# Work to complete
Please output exactly the part of the records below that opens with the line containing "Your response must be concise. Small." and closes with the line containing "Your response must be concise. Blue.", both lines included, and nothing else.

(Provided information)

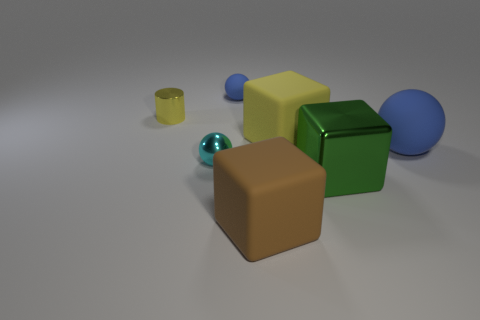Is there anything else that has the same shape as the tiny yellow object?
Ensure brevity in your answer.  No. There is a matte sphere that is behind the matte cube that is behind the cyan ball; how big is it?
Your response must be concise. Small. Is the material of the big green object the same as the cyan sphere on the left side of the large yellow block?
Provide a succinct answer. Yes. Are there fewer tiny balls in front of the small blue matte ball than big rubber things that are behind the big brown block?
Your answer should be compact. Yes. There is a small sphere that is made of the same material as the green thing; what is its color?
Provide a short and direct response. Cyan. Is there a yellow object on the left side of the blue rubber thing left of the big green metallic cube?
Provide a succinct answer. Yes. There is a matte sphere that is the same size as the green object; what color is it?
Your response must be concise. Blue. How many objects are either large cylinders or small metal objects?
Provide a succinct answer. 2. There is a yellow thing that is left of the blue matte ball behind the rubber cube behind the brown rubber block; what size is it?
Keep it short and to the point. Small. How many large things have the same color as the small matte object?
Keep it short and to the point. 1. 
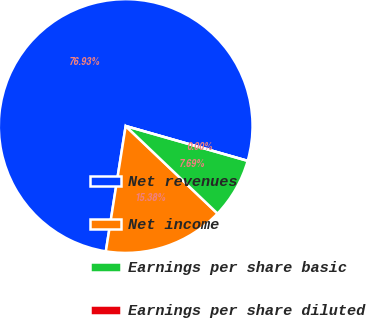<chart> <loc_0><loc_0><loc_500><loc_500><pie_chart><fcel>Net revenues<fcel>Net income<fcel>Earnings per share basic<fcel>Earnings per share diluted<nl><fcel>76.92%<fcel>15.38%<fcel>7.69%<fcel>0.0%<nl></chart> 
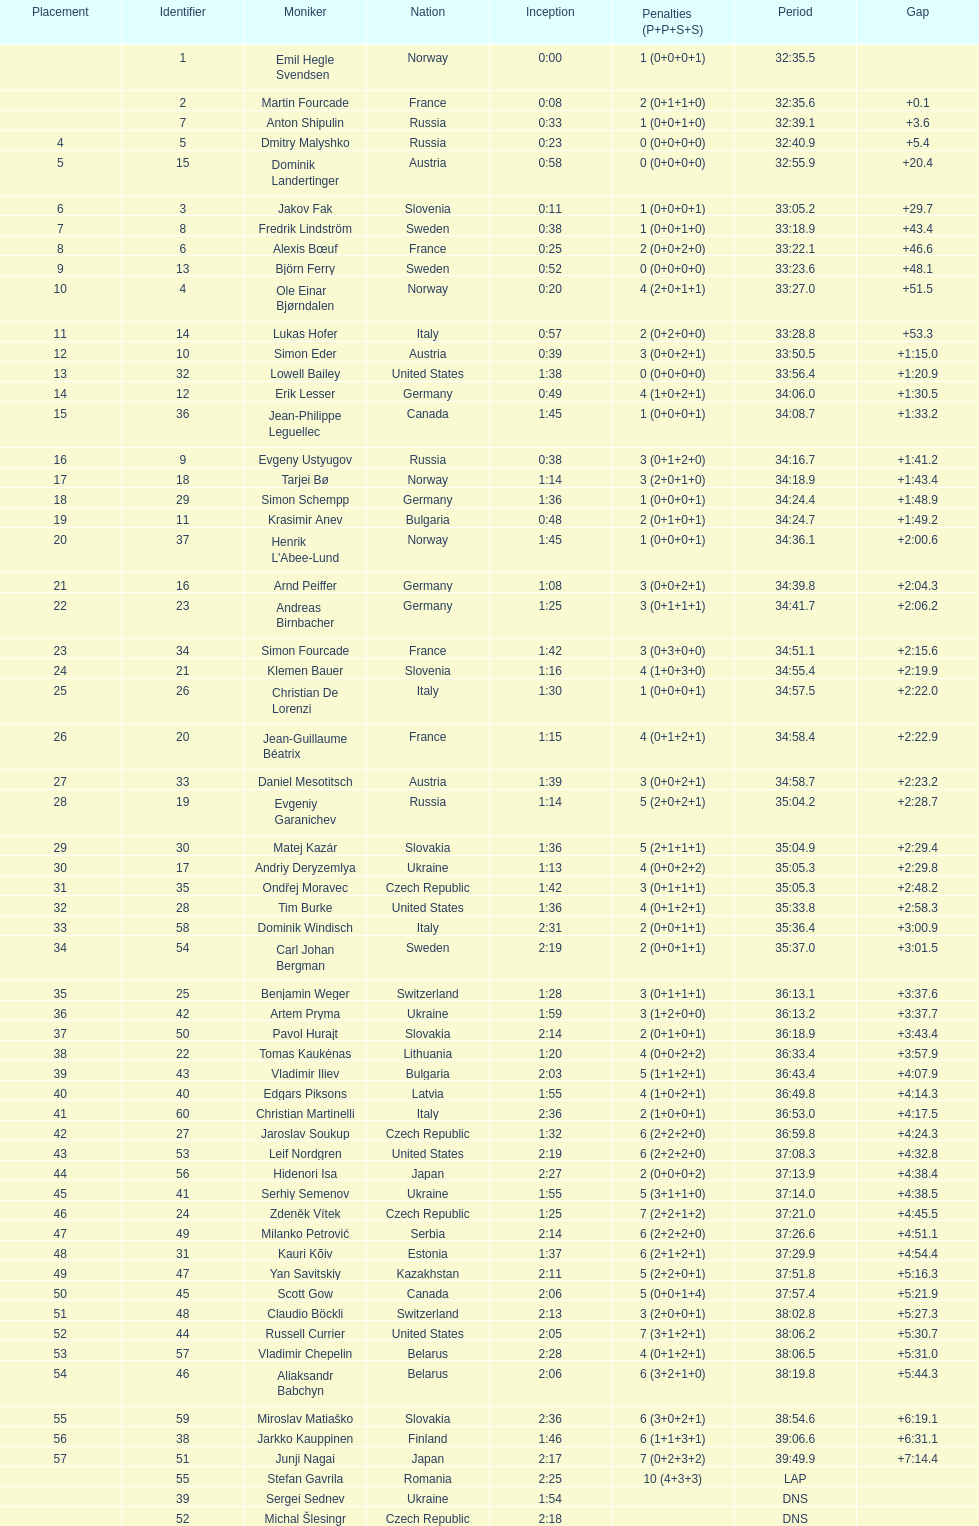What is the number of russian participants? 4. Parse the table in full. {'header': ['Placement', 'Identifier', 'Moniker', 'Nation', 'Inception', 'Penalties (P+P+S+S)', 'Period', 'Gap'], 'rows': [['', '1', 'Emil Hegle Svendsen', 'Norway', '0:00', '1 (0+0+0+1)', '32:35.5', ''], ['', '2', 'Martin Fourcade', 'France', '0:08', '2 (0+1+1+0)', '32:35.6', '+0.1'], ['', '7', 'Anton Shipulin', 'Russia', '0:33', '1 (0+0+1+0)', '32:39.1', '+3.6'], ['4', '5', 'Dmitry Malyshko', 'Russia', '0:23', '0 (0+0+0+0)', '32:40.9', '+5.4'], ['5', '15', 'Dominik Landertinger', 'Austria', '0:58', '0 (0+0+0+0)', '32:55.9', '+20.4'], ['6', '3', 'Jakov Fak', 'Slovenia', '0:11', '1 (0+0+0+1)', '33:05.2', '+29.7'], ['7', '8', 'Fredrik Lindström', 'Sweden', '0:38', '1 (0+0+1+0)', '33:18.9', '+43.4'], ['8', '6', 'Alexis Bœuf', 'France', '0:25', '2 (0+0+2+0)', '33:22.1', '+46.6'], ['9', '13', 'Björn Ferry', 'Sweden', '0:52', '0 (0+0+0+0)', '33:23.6', '+48.1'], ['10', '4', 'Ole Einar Bjørndalen', 'Norway', '0:20', '4 (2+0+1+1)', '33:27.0', '+51.5'], ['11', '14', 'Lukas Hofer', 'Italy', '0:57', '2 (0+2+0+0)', '33:28.8', '+53.3'], ['12', '10', 'Simon Eder', 'Austria', '0:39', '3 (0+0+2+1)', '33:50.5', '+1:15.0'], ['13', '32', 'Lowell Bailey', 'United States', '1:38', '0 (0+0+0+0)', '33:56.4', '+1:20.9'], ['14', '12', 'Erik Lesser', 'Germany', '0:49', '4 (1+0+2+1)', '34:06.0', '+1:30.5'], ['15', '36', 'Jean-Philippe Leguellec', 'Canada', '1:45', '1 (0+0+0+1)', '34:08.7', '+1:33.2'], ['16', '9', 'Evgeny Ustyugov', 'Russia', '0:38', '3 (0+1+2+0)', '34:16.7', '+1:41.2'], ['17', '18', 'Tarjei Bø', 'Norway', '1:14', '3 (2+0+1+0)', '34:18.9', '+1:43.4'], ['18', '29', 'Simon Schempp', 'Germany', '1:36', '1 (0+0+0+1)', '34:24.4', '+1:48.9'], ['19', '11', 'Krasimir Anev', 'Bulgaria', '0:48', '2 (0+1+0+1)', '34:24.7', '+1:49.2'], ['20', '37', "Henrik L'Abee-Lund", 'Norway', '1:45', '1 (0+0+0+1)', '34:36.1', '+2:00.6'], ['21', '16', 'Arnd Peiffer', 'Germany', '1:08', '3 (0+0+2+1)', '34:39.8', '+2:04.3'], ['22', '23', 'Andreas Birnbacher', 'Germany', '1:25', '3 (0+1+1+1)', '34:41.7', '+2:06.2'], ['23', '34', 'Simon Fourcade', 'France', '1:42', '3 (0+3+0+0)', '34:51.1', '+2:15.6'], ['24', '21', 'Klemen Bauer', 'Slovenia', '1:16', '4 (1+0+3+0)', '34:55.4', '+2:19.9'], ['25', '26', 'Christian De Lorenzi', 'Italy', '1:30', '1 (0+0+0+1)', '34:57.5', '+2:22.0'], ['26', '20', 'Jean-Guillaume Béatrix', 'France', '1:15', '4 (0+1+2+1)', '34:58.4', '+2:22.9'], ['27', '33', 'Daniel Mesotitsch', 'Austria', '1:39', '3 (0+0+2+1)', '34:58.7', '+2:23.2'], ['28', '19', 'Evgeniy Garanichev', 'Russia', '1:14', '5 (2+0+2+1)', '35:04.2', '+2:28.7'], ['29', '30', 'Matej Kazár', 'Slovakia', '1:36', '5 (2+1+1+1)', '35:04.9', '+2:29.4'], ['30', '17', 'Andriy Deryzemlya', 'Ukraine', '1:13', '4 (0+0+2+2)', '35:05.3', '+2:29.8'], ['31', '35', 'Ondřej Moravec', 'Czech Republic', '1:42', '3 (0+1+1+1)', '35:05.3', '+2:48.2'], ['32', '28', 'Tim Burke', 'United States', '1:36', '4 (0+1+2+1)', '35:33.8', '+2:58.3'], ['33', '58', 'Dominik Windisch', 'Italy', '2:31', '2 (0+0+1+1)', '35:36.4', '+3:00.9'], ['34', '54', 'Carl Johan Bergman', 'Sweden', '2:19', '2 (0+0+1+1)', '35:37.0', '+3:01.5'], ['35', '25', 'Benjamin Weger', 'Switzerland', '1:28', '3 (0+1+1+1)', '36:13.1', '+3:37.6'], ['36', '42', 'Artem Pryma', 'Ukraine', '1:59', '3 (1+2+0+0)', '36:13.2', '+3:37.7'], ['37', '50', 'Pavol Hurajt', 'Slovakia', '2:14', '2 (0+1+0+1)', '36:18.9', '+3:43.4'], ['38', '22', 'Tomas Kaukėnas', 'Lithuania', '1:20', '4 (0+0+2+2)', '36:33.4', '+3:57.9'], ['39', '43', 'Vladimir Iliev', 'Bulgaria', '2:03', '5 (1+1+2+1)', '36:43.4', '+4:07.9'], ['40', '40', 'Edgars Piksons', 'Latvia', '1:55', '4 (1+0+2+1)', '36:49.8', '+4:14.3'], ['41', '60', 'Christian Martinelli', 'Italy', '2:36', '2 (1+0+0+1)', '36:53.0', '+4:17.5'], ['42', '27', 'Jaroslav Soukup', 'Czech Republic', '1:32', '6 (2+2+2+0)', '36:59.8', '+4:24.3'], ['43', '53', 'Leif Nordgren', 'United States', '2:19', '6 (2+2+2+0)', '37:08.3', '+4:32.8'], ['44', '56', 'Hidenori Isa', 'Japan', '2:27', '2 (0+0+0+2)', '37:13.9', '+4:38.4'], ['45', '41', 'Serhiy Semenov', 'Ukraine', '1:55', '5 (3+1+1+0)', '37:14.0', '+4:38.5'], ['46', '24', 'Zdeněk Vítek', 'Czech Republic', '1:25', '7 (2+2+1+2)', '37:21.0', '+4:45.5'], ['47', '49', 'Milanko Petrović', 'Serbia', '2:14', '6 (2+2+2+0)', '37:26.6', '+4:51.1'], ['48', '31', 'Kauri Kõiv', 'Estonia', '1:37', '6 (2+1+2+1)', '37:29.9', '+4:54.4'], ['49', '47', 'Yan Savitskiy', 'Kazakhstan', '2:11', '5 (2+2+0+1)', '37:51.8', '+5:16.3'], ['50', '45', 'Scott Gow', 'Canada', '2:06', '5 (0+0+1+4)', '37:57.4', '+5:21.9'], ['51', '48', 'Claudio Böckli', 'Switzerland', '2:13', '3 (2+0+0+1)', '38:02.8', '+5:27.3'], ['52', '44', 'Russell Currier', 'United States', '2:05', '7 (3+1+2+1)', '38:06.2', '+5:30.7'], ['53', '57', 'Vladimir Chepelin', 'Belarus', '2:28', '4 (0+1+2+1)', '38:06.5', '+5:31.0'], ['54', '46', 'Aliaksandr Babchyn', 'Belarus', '2:06', '6 (3+2+1+0)', '38:19.8', '+5:44.3'], ['55', '59', 'Miroslav Matiaško', 'Slovakia', '2:36', '6 (3+0+2+1)', '38:54.6', '+6:19.1'], ['56', '38', 'Jarkko Kauppinen', 'Finland', '1:46', '6 (1+1+3+1)', '39:06.6', '+6:31.1'], ['57', '51', 'Junji Nagai', 'Japan', '2:17', '7 (0+2+3+2)', '39:49.9', '+7:14.4'], ['', '55', 'Stefan Gavrila', 'Romania', '2:25', '10 (4+3+3)', 'LAP', ''], ['', '39', 'Sergei Sednev', 'Ukraine', '1:54', '', 'DNS', ''], ['', '52', 'Michal Šlesingr', 'Czech Republic', '2:18', '', 'DNS', '']]}

(End Provided information)

# Result of the exercise
Your response must be concise. Small. Is the material of the big green object the same as the cyan sphere on the left side of the large yellow block?
Provide a succinct answer. Yes. Are there fewer tiny balls in front of the small blue matte ball than big rubber things that are behind the big brown block?
Your answer should be compact. Yes. There is a small sphere that is made of the same material as the green thing; what is its color?
Provide a short and direct response. Cyan. Is there a yellow object on the left side of the blue rubber thing left of the big green metallic cube?
Provide a succinct answer. Yes. There is a matte sphere that is the same size as the green object; what color is it?
Your response must be concise. Blue. How many objects are either large cylinders or small metal objects?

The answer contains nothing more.